Initially, Marian flew to Chicago for treatments, but now is able to receive them at Children's Hospital Los Angeles via a special protocol.
These early months after treatment were a miracle to see Marian come to life again. At 20 months Marian could not take a single step. At 23 months and after eight treatments, she can very proudly walk across the room.
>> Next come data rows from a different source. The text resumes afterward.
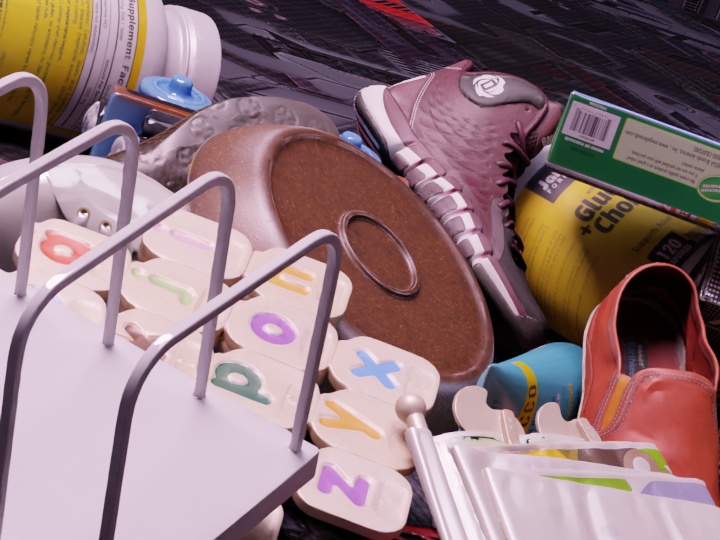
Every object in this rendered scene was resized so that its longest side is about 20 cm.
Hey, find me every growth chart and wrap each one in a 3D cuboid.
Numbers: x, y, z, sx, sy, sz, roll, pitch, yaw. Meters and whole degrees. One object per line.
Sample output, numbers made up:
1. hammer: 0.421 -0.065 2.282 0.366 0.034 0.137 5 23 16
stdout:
1. growth chart: 0.110 0.117 0.882 0.199 0.018 0.145 15 41 -24

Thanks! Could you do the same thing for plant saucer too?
1. plant saucer: 0.000 0.000 1.041 0.200 0.034 0.201 35 32 -25

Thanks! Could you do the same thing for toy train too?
1. toy train: -0.064 -0.047 1.193 0.199 0.087 0.114 18 22 -13

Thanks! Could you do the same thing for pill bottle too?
1. pill bottle: 0.146 -0.012 1.298 0.200 0.112 0.112 33 19 35
2. pill bottle: -0.191 -0.140 1.278 0.199 0.113 0.112 12 18 -33

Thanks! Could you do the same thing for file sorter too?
1. file sorter: -0.124 0.014 0.759 0.200 0.125 0.139 28 36 21

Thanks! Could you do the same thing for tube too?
1. tube: 0.075 0.070 1.012 0.050 0.078 0.200 16 10 17

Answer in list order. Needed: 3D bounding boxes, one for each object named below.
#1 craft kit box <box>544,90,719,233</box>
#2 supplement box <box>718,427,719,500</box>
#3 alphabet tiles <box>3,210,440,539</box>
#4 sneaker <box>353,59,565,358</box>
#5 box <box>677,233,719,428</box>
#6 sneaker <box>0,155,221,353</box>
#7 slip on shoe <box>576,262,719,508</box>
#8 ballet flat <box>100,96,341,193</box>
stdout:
1. craft kit box: 0.199 -0.040 1.121 0.199 0.049 0.198 21 6 6
2. supplement box: 0.249 0.132 0.952 0.109 0.109 0.200 14 16 -25
3. alphabet tiles: -0.066 0.045 0.882 0.195 0.015 0.200 21 36 -3
4. sneaker: 0.087 -0.051 1.237 0.200 0.115 0.076 59 -12 23
5. box: 0.253 0.067 1.122 0.199 0.044 0.160 21 -28 -2
6. sneaker: -0.096 -0.002 1.012 0.199 0.073 0.085 14 14 -29
7. slip on shoe: 0.140 0.075 0.991 0.074 0.061 0.200 12 45 -8
8. ballet flat: -0.097 -0.042 1.098 0.200 0.046 0.068 -23 79 -32
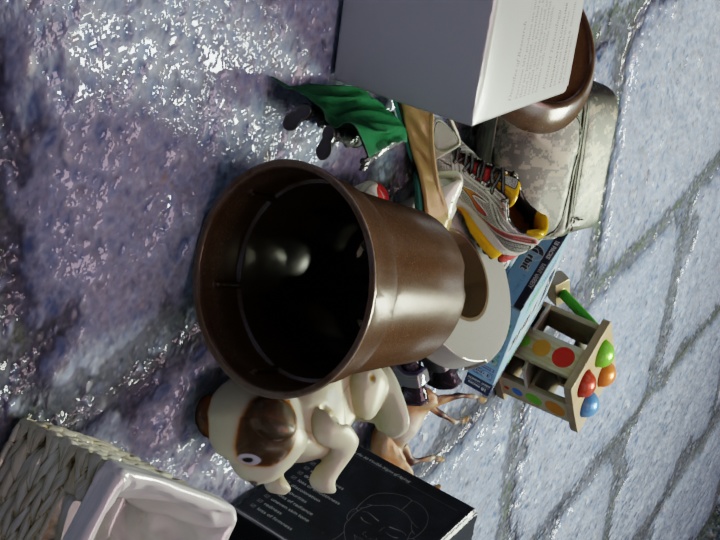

Her life still very much hangs in the balance. The treatment is a critical lifeline, but not a cure. Marian will die without a cure. Gene therapy, mRNA, cyclodextrin combination therapies, and more are being researched now. They hold the key to survival but are in drastic need of funding to arrive in time. Marian will die if they are not accelerated. This is what we are fighting for. This is our story told as our family of five fights together to help keep Marian and NPC children on the right side of hope, and life.
Our Family
We are parents to two strong and beautiful girls: Emily, age eight, and Marian, who is five, and one happy baby boy, Adam, born through the magic of IVF with PGD testing, who is one. Paul and I met at Loyola Law School Los Angeles, where we graduated in 2009. Paul is an education attorney and I was a non-profit attorney for children in the foster care system, and now volunteer for Hope For Marian and NPC advocacy full time. We live in Southern California with our children and our cat, George.